When it’s time to move your business, you may be able to downsize without sacrificing your livelihood. Here are a few tips to get you started.
Cutting floor space doesn’t mean you have to drop customer-favorite products or service. Kohl’s Department Store initiated a widespread plan to cut retail for space in early 2017. The company according to USA Today, has taken steps to optimize nearly 1100 stores to boost customer experience and profitability. In a world of Amazon free two-hour delivery, many retailers, including Sears and Macy’s, have had to close stores. Kohl’s, however, has stayed afloat by dropping unnecessary weight.
Before your big (or small) move, consider looking online for inspiration. There are a number of free design software programs, such as Sketchup, that can help you visualize your new retail or office space. Better yet, you can hire interior designers and/or architects through online platforms like Upwork. A professional can help you create a functional and aesthetically pleasing space that meets your needs and helps your business prosper.

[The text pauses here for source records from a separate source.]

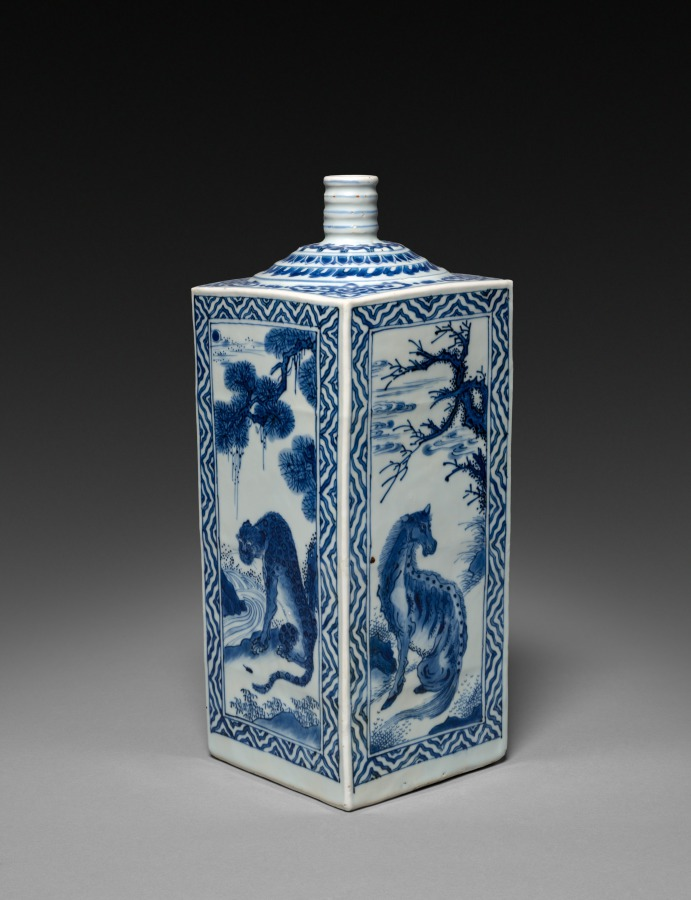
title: Transitional Blue-and-White Square Bottle
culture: China, Jiangxi province, Jingdezhen kilns, Ming dynasty (1368-1644), Chongzhen reign (1628-44) or Qing dynasty (1644-1911), Kangxi reign (1662-1722)
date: 1628–1722
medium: Porcelain with underglaze cobalt blue decoration
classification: Ceramic
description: The shape of this flask derives from European gin bottles. Its decoration in brilliant shades of blue with fantastic animal motifs—such as a leopard, the mystical qilin, a horse, and another imaginary beast—is characteristic of porcelain of the transitional period between the Ming and Qing dynasties when potters lost imperial patronage and experimented to find new clients in China and abroad.
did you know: This flask's square shape and design represents a departure from the earlier imperial Ming dynasty style, which is mostly ornamental and symmetrical.
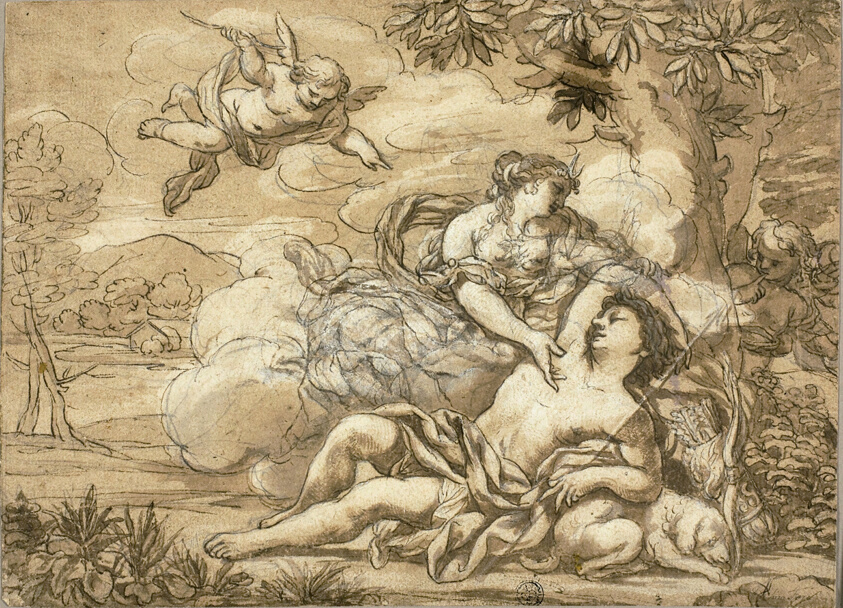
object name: Drawing and Watercolor
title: Diana and Endymion
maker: probably after Ciro Ferri; Italian, 1634-1689
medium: Pen and brown ink, with brush and brown wash, heightened with lead white (discolored), over black chalk, on tan laid paper, laid down on cream laid paper
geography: Italy
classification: pen and ink drawings; drawings (visual works); prints and drawing
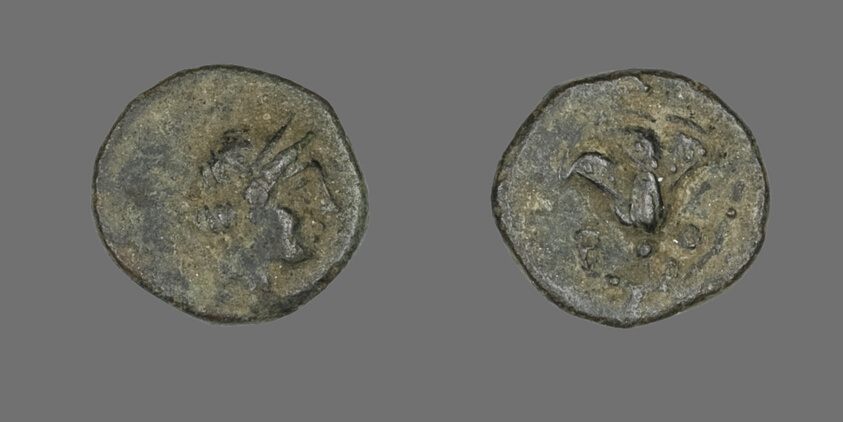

Evaluate existing products
Harvard Business Review explains pricing and inventory management are critical to retail success. This is an idea scalable across businesses of all sizes. When you are downsizing your floor space, it becomes even more important to know which products your customers really want and balance those against complementary items that will keep them from making a stop at the competition. For example, if you’re a grocer that specializes in fresh, local offerings, you may find that cutting your supply of dry, staple foods may force your customers to visit the big box retailers, where they will be tempted to pick up their produce out of sheer convenience.
Maximize floor space
One of the best things you can do for your business is to reduce clutter and make your space more easily navigable for customers. A simple way to do this is by only leaving a small number of products on your sales floor and leaving the rest in the stockroom.
Mall shoe stores are an exceptional example of this design layout. The stores display one pair of each color and style. Different sizes are stored in the back. When a customer wishes to try something on, a retail associate retrieves their desired selection. This not only eliminates floorspace but reduces the amount of upkeep employees must perform in order to keep the store neat and tidy. As an added benefit, retail goods are largely kept out of the reach of unscrupulous customers, therefore lowering your potential losses for the year.
Use psychology in your design
If you want to sell more of your high-profit goods, avoid placing these items within the first 15 feet of the store entrance. As customers enter, they tend to scan ahead and may walk right by the items you want them to purchase the most. Another thing to consider is aisle spacing. Consumers will often avoid physically touching items of high interest if doing so puts them uncomfortably close to other customers.
You can do much of these tasks on your own. However, when your priority is your customers, you may want to bring in the big guns. A professional organizer can help with everything from crafting unique storage spaces to helping you sort the company books so you can focus on your business.
Remember, when you are moving from one space to another, bigger isn’t necessarily better. A smaller location means less overhead and more opportunity for you to interact face-to-face with your customers. But keep in mind that your storefront can’t stay the same when you’re dealing with half the space. Take the time to find out what your customers really want so that you can have what you want: bigger profits and a smaller footprint.